* Task
Extract, exactly as written, each line from the start of the records below to the line containing "There's text embedded", both ends included; drop the pictures.

* Data shown
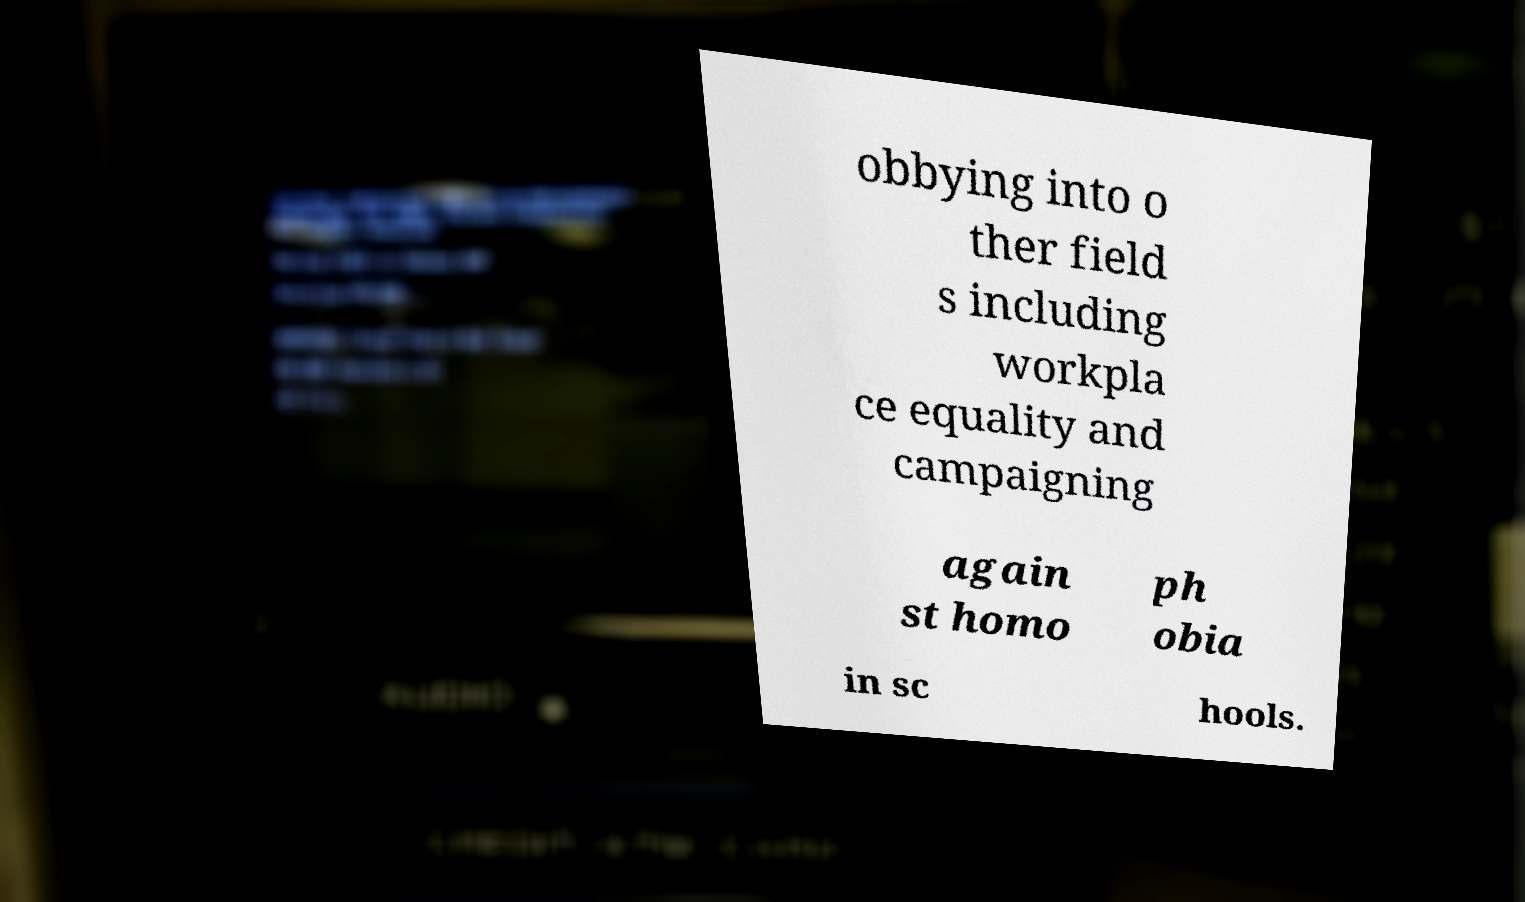Can you accurately transcribe the text from the provided image for me? obbying into o ther field s including workpla ce equality and campaigning again st homo ph obia in sc hools. 
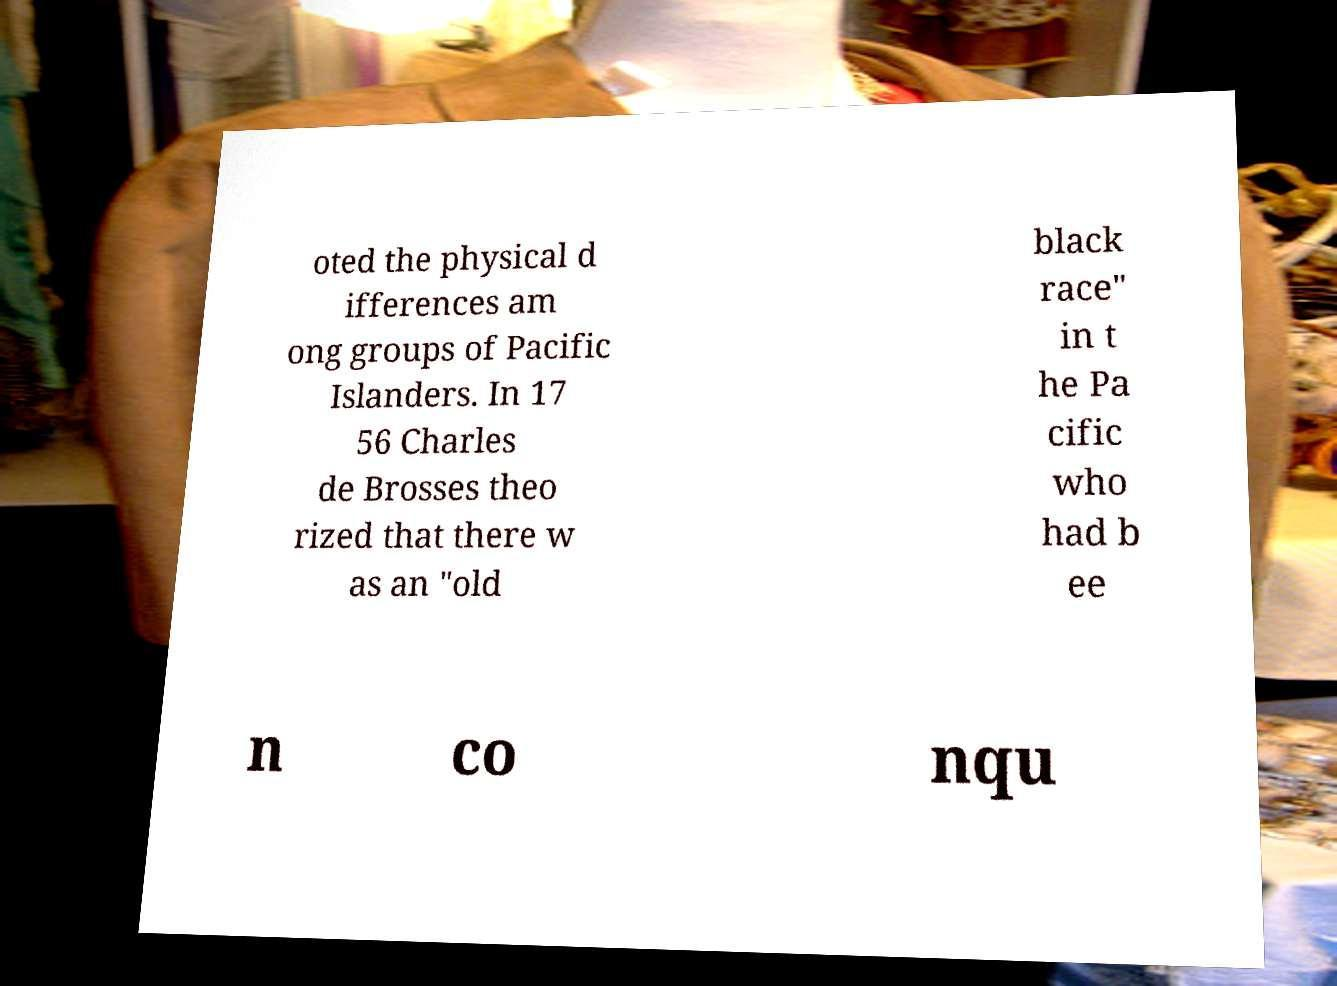There's text embedded in this image that I need extracted. Can you transcribe it verbatim? oted the physical d ifferences am ong groups of Pacific Islanders. In 17 56 Charles de Brosses theo rized that there w as an "old black race" in t he Pa cific who had b ee n co nqu 
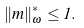<formula> <loc_0><loc_0><loc_500><loc_500>\| m \| ^ { * } _ { \omega } \leq 1 .</formula> 
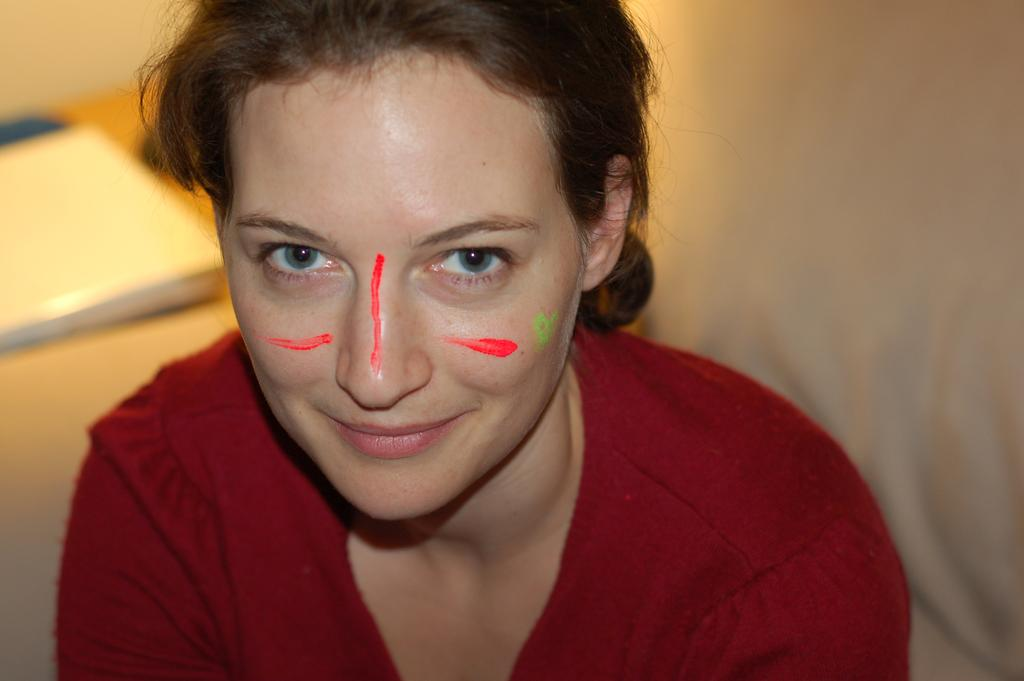Who is the main subject in the image? There is a woman in the image. What can be observed on the woman's face? There is color on the woman's face. Can you describe the background of the image? The background of the image is blurred. How does the woman plan to increase the linen production in the image? There is no mention of linen production or any related activities in the image. 
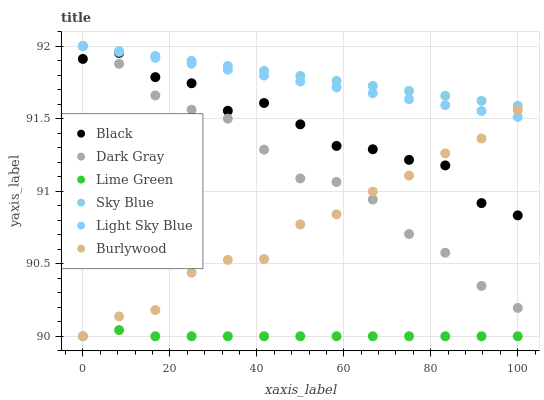Does Lime Green have the minimum area under the curve?
Answer yes or no. Yes. Does Sky Blue have the maximum area under the curve?
Answer yes or no. Yes. Does Dark Gray have the minimum area under the curve?
Answer yes or no. No. Does Dark Gray have the maximum area under the curve?
Answer yes or no. No. Is Light Sky Blue the smoothest?
Answer yes or no. Yes. Is Black the roughest?
Answer yes or no. Yes. Is Dark Gray the smoothest?
Answer yes or no. No. Is Dark Gray the roughest?
Answer yes or no. No. Does Burlywood have the lowest value?
Answer yes or no. Yes. Does Dark Gray have the lowest value?
Answer yes or no. No. Does Sky Blue have the highest value?
Answer yes or no. Yes. Does Black have the highest value?
Answer yes or no. No. Is Lime Green less than Black?
Answer yes or no. Yes. Is Light Sky Blue greater than Black?
Answer yes or no. Yes. Does Light Sky Blue intersect Dark Gray?
Answer yes or no. Yes. Is Light Sky Blue less than Dark Gray?
Answer yes or no. No. Is Light Sky Blue greater than Dark Gray?
Answer yes or no. No. Does Lime Green intersect Black?
Answer yes or no. No. 
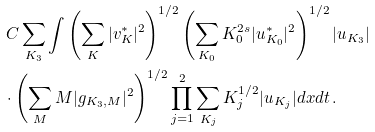Convert formula to latex. <formula><loc_0><loc_0><loc_500><loc_500>& \, C \sum _ { K _ { 3 } } \int \left ( \sum _ { K } | v ^ { * } _ { K } | ^ { 2 } \right ) ^ { 1 / 2 } \left ( \sum _ { K _ { 0 } } K _ { 0 } ^ { 2 s } | u _ { K _ { 0 } } ^ { * } | ^ { 2 } \right ) ^ { 1 / 2 } | u _ { K _ { 3 } } | \\ & \cdot \left ( \sum _ { M } M | g _ { K _ { 3 } , M } | ^ { 2 } \right ) ^ { 1 / 2 } \prod _ { j = 1 } ^ { 2 } \sum _ { K _ { j } } K _ { j } ^ { 1 / 2 } | u _ { K _ { j } } | d x d t \, .</formula> 
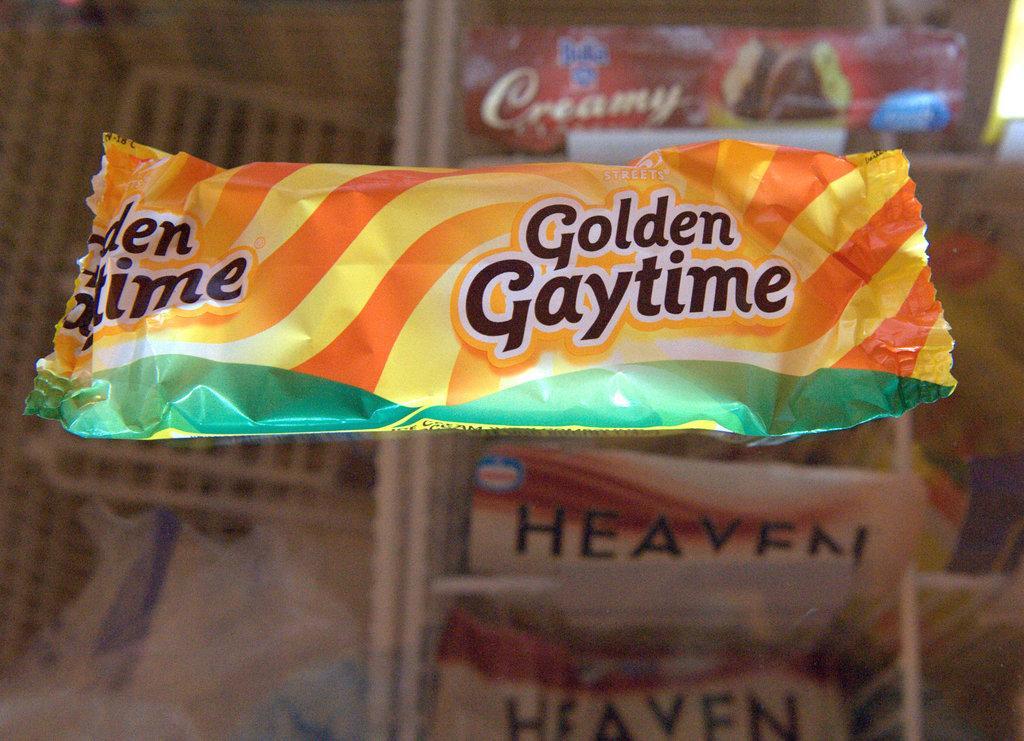In one or two sentences, can you explain what this image depicts? In this image we can see a cover with some text placed on the surface. In the background, we can see some boxes and bags placed on racks. 
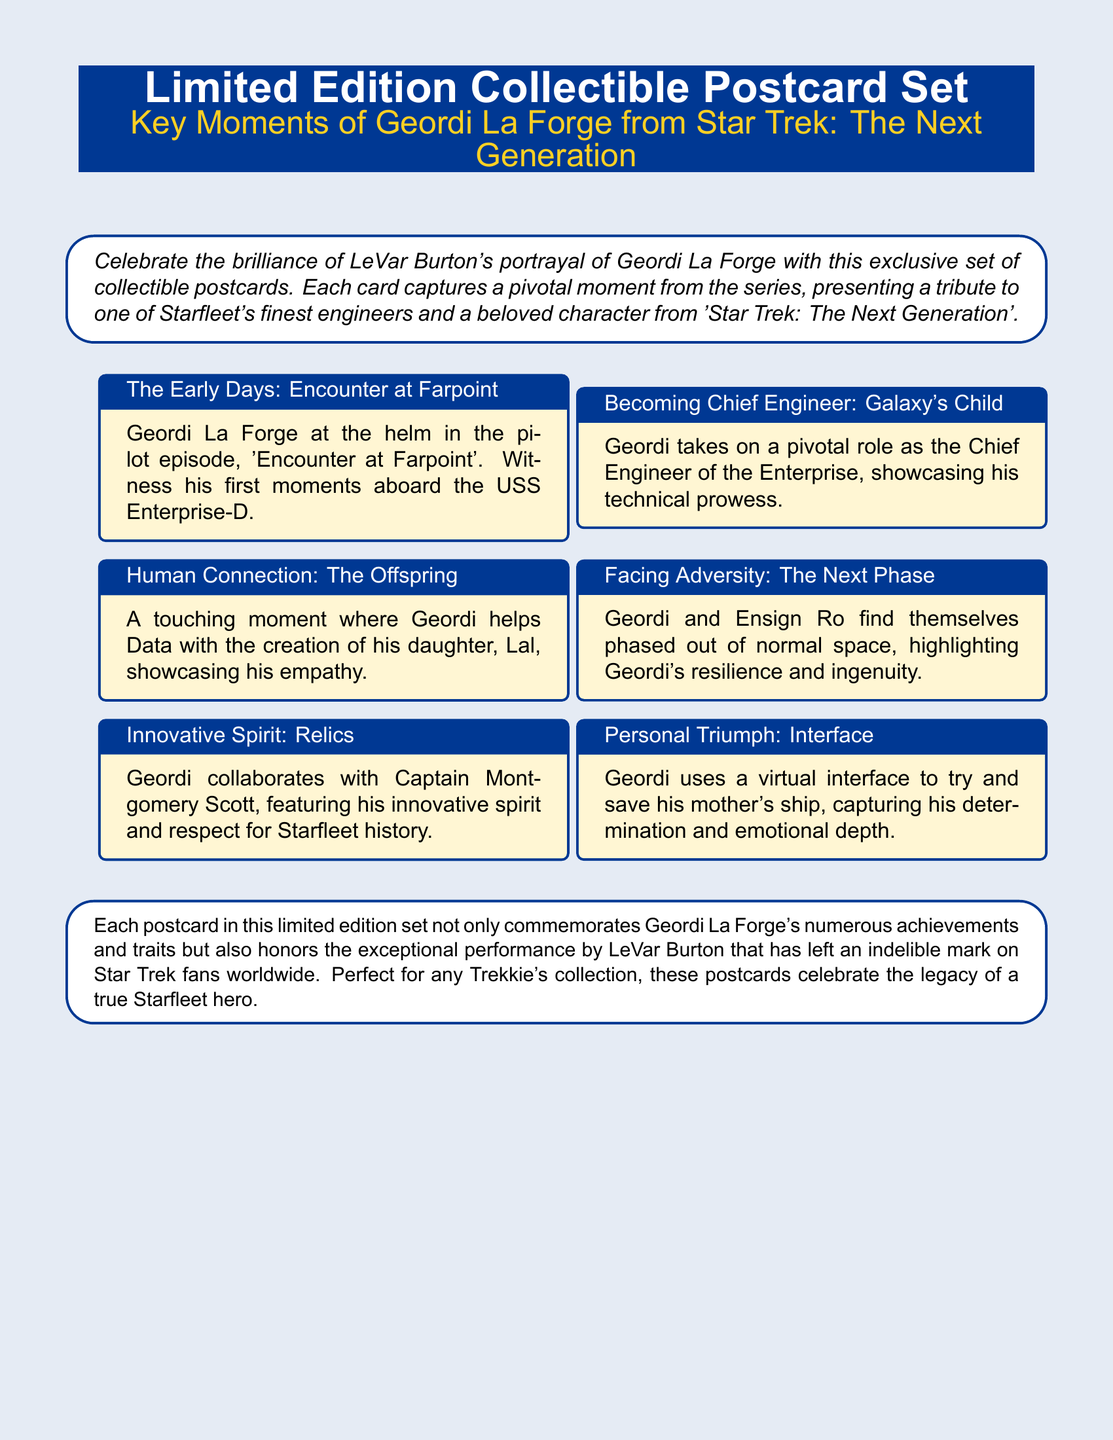What is the title of the postcard set? The title of the postcard set is presented prominently at the top of the document.
Answer: Limited Edition Collectible Postcard Set Who is depicted in this postcard set? The document states that the set depicts a character from Star Trek: The Next Generation.
Answer: Geordi La Forge What is Geordi's role in 'Star Trek: The Next Generation'? The document describes Geordi La Forge's profession within the series to highlight his contributions.
Answer: Chief Engineer What moment is featured in the postcard titled "Human Connection"? The title specifies the key moment that Geordi is involved in, relating to another character in the series.
Answer: Helping Data with the creation of his daughter, Lal How many postcards are included in the set? The document mentions each postcard commemorates various moments, indicating the extent of the collection.
Answer: Limited edition set (exact number not given) What episode features Geordi at the helm in "The Early Days"? The title of the postcard box provides the episode name where this event occurs.
Answer: Encounter at Farpoint What quality does Geordi display in "Facing Adversity"? The description outlines how Geordi handles challenges during this episode.
Answer: Resilience and ingenuity Who is Geordi collaborating with in "Innovative Spirit"? The card titles indicate another iconic character from Star Trek involved in this moment.
Answer: Captain Montgomery Scott

* Worked solution
Can you accurately transcribe the text from the provided image for me? obbying into o ther field s including workpla ce equality and campaigning again st homo ph obia in sc hools. 
There's text embedded in this image that I need extracted. Can you transcribe it verbatim? oted the physical d ifferences am ong groups of Pacific Islanders. In 17 56 Charles de Brosses theo rized that there w as an "old black race" in t he Pa cific who had b ee n co nqu 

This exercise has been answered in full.